Aborted (core dumped)

Thanks

Hi, it’s Lynette from @mchi’s team, the issue can be reproduced, thanks for the sharing. Here is the patch to modify the output dimension:

diff --git a/plugin/batchedNMSPlugin/batchedNMSPlugin.cpp b/plugin/batchedNMSPlugin/batchedNMSPlugin.cpp
index 3d09910..842a3f2 100644
--- a/plugin/batchedNMSPlugin/batchedNMSPlugin.cpp
+++ b/plugin/batchedNMSPlugin/batchedNMSPlugin.cpp
@@ -159,7 +159,8 @@ Dims BatchedNMSPlugin::getOutputDimensions(int index, const Dims* inputs, int nb
         if (index == 0)
         {
             Dims dim0{};
-            dim0.nbDims = 0;
+            dim0.nbDims = 1;
+            dim0.d[0] = 1;
             return dim0;
         }
         // nmsed_boxes

You may patch it to TensorRT OSS and rebuild the plugin library.
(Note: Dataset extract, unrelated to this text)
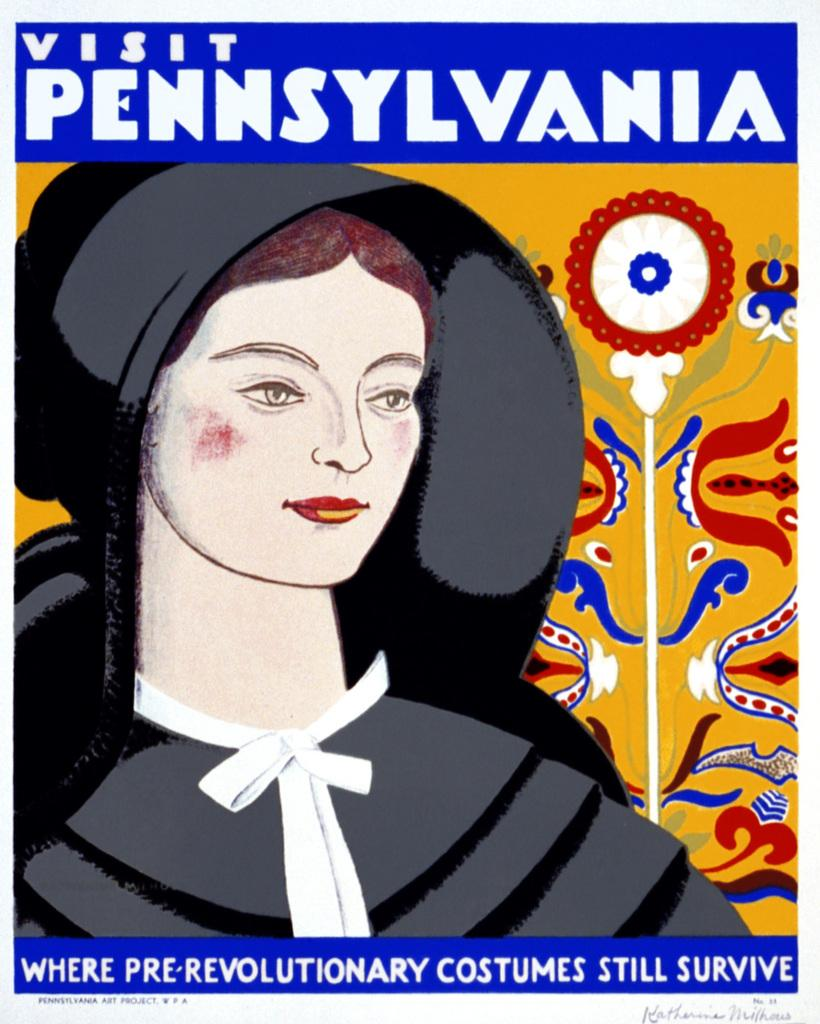What is the main subject of the poster in the image? The poster depicts a woman. Where is the text located on the poster? There is text at the top and bottom of the image. Can you see any soap bubbles floating around the woman in the poster? There are no soap bubbles present in the image; the poster depicts a woman without any bubbles or other objects.

$ git clone https://github.com/NVIDIA/TensorRT.git
$ cd TensorRT/
$ git submodule update --init --recursive
$ mkdir -p build && cd build
$ cmake .. -DTRT_LIB_DIR=/usr/lib/aarch64-linux-gnu -DTRT_OUT_DIR=`pwd`/out
// modify the 162 line of plugin/batchedNMSPlugin/batchedNMSPlugin.cpp
$ make plugin -j$(nproc)
// Replace the existed plugin library
$ sudo cp libnvinfer_plugin.so.8.*.* /lib/aarch64-linux-gnu/libnvinfer_plugin.so.8.*.*

Could you have a try and feedback to us? Thanks~

2 Likes

Thanks @lynettez , I will try this week. I am going to inform you.

Hi @lynettez ,
It works, thank you!

However the generated engine file with BatchedNMSDynamic_TRT is faster than the engine file with BatchedNMS_TRT. I did not expect this.

By faster I mean following:

  • yolo4-csp with batch=4 with BatchedNMSDynamic_TRT gives me: 130FPS for each input stream, in total 520FPS (total=4*130)
  • yolo4-csp with batch=4 with BatchedNMS_TRT gives me 118FPS for each input stream, in total 472FPS (4*118)

In both cases the GPU was utilized for 100% and no bottleneck was there, so it seems to me weird that BatchedNMSDynamic_TRT is really faster.

Thank you for your time!

can you use command below to dump the per layer time and share with us the log?

/usr/src/tensorrt/bin/trtexec --loadEngine=TRT_Engine_generated_in_DeepStream --dumpProfile

1 Like

Ok, I did it again and now the models have the same FPS (around 4 * 130FPS). It was probably caused by wrong version of tensorrt (my version is 8.0 and I put there TensorRT OSS version of 8.2).

The logs are here:
yolov4-csp_b4_fp16_static_batch_nms.txt (72.4 KB)

yolov4-csp_b4_fp16_dynamic_batch_nms.txt (72.6 KB)

The node_of_num_detections is worth noting because its time is more than 500ms for both models.

This topic was automatically closed 14 days after the last reply. New replies are no longer allowed.